Source material
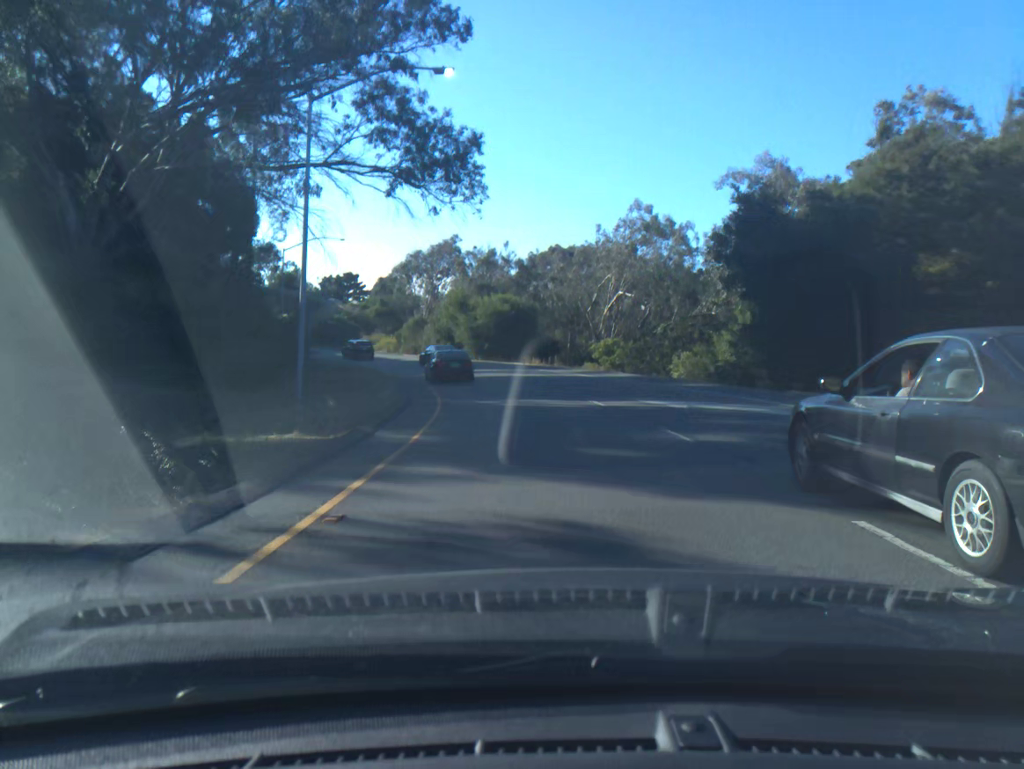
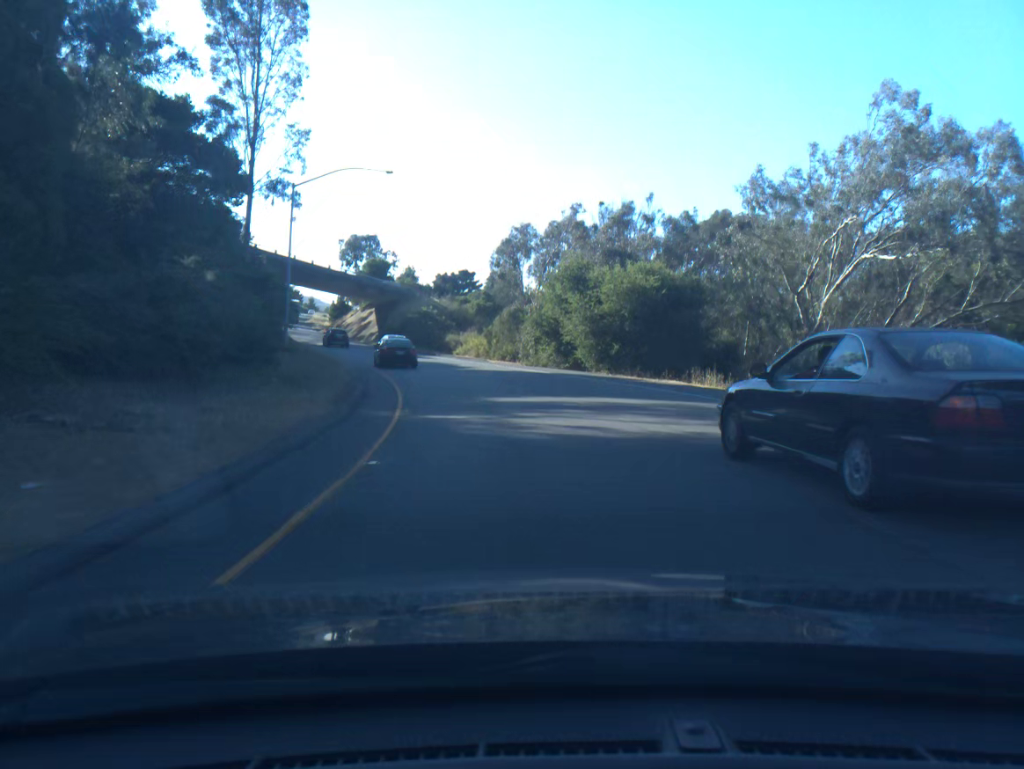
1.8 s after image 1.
(-1.8, +26.4) m; -9°
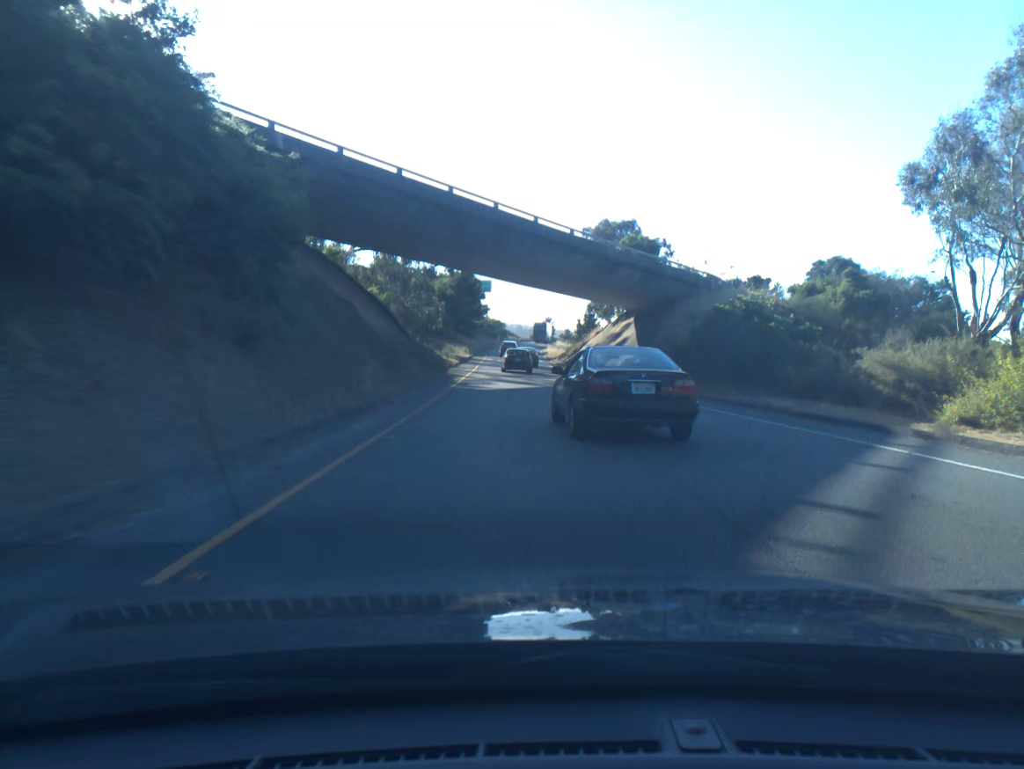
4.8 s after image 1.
(-9.1, +47.1) m; -18°
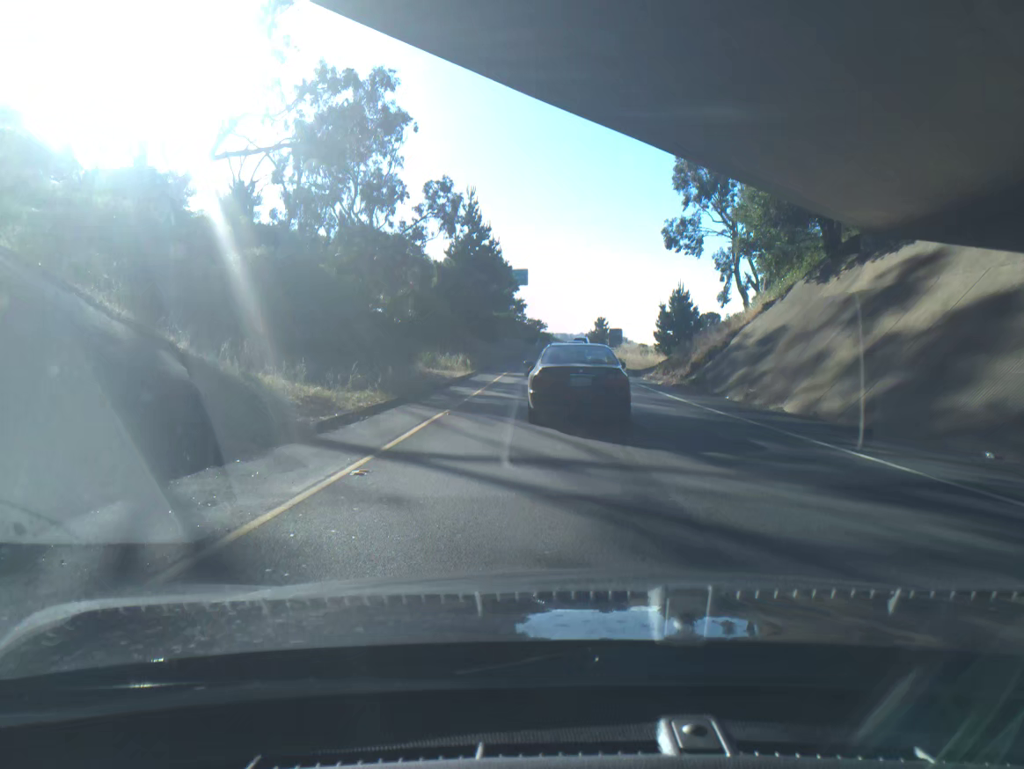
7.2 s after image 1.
(-1.6, +40.0) m; -4°
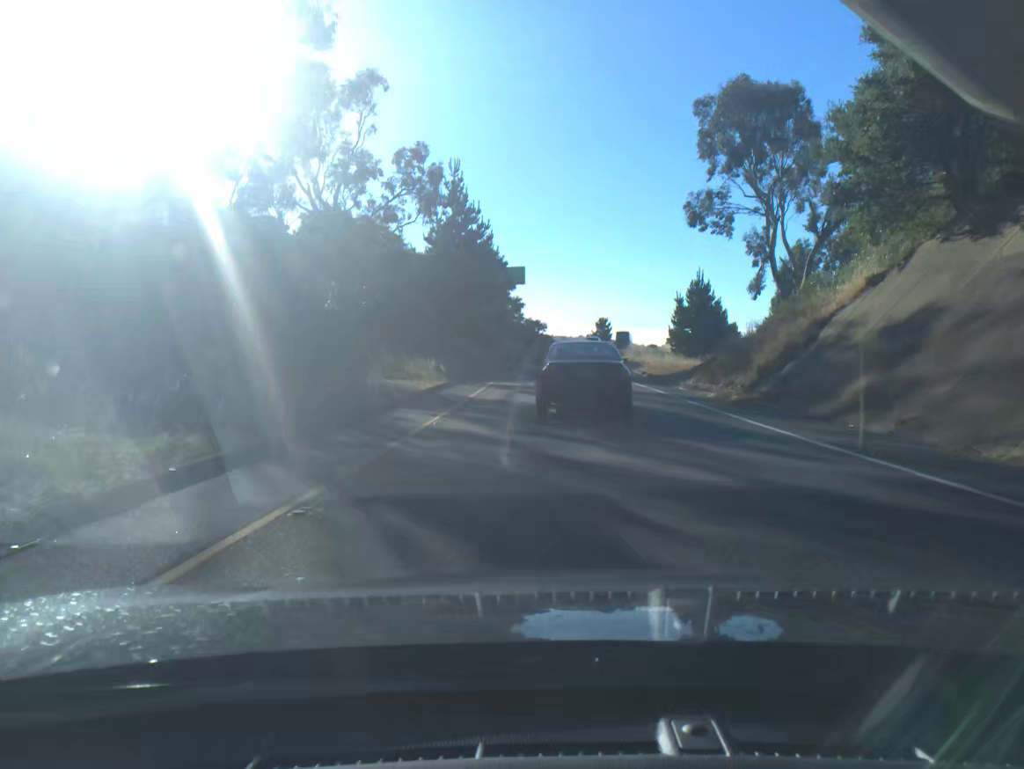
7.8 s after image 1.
(0.0, +9.4) m; 0°

What you are asked to do
In transcribing the records, omit the pictures and keep everything else exactly as it appears.

Your response
1.8 s after image 1.
(-1.8, +26.4) m; -9°
4.8 s after image 1.
(-9.1, +47.1) m; -18°
7.2 s after image 1.
(-1.6, +40.0) m; -4°
7.8 s after image 1.
(0.0, +9.4) m; 0°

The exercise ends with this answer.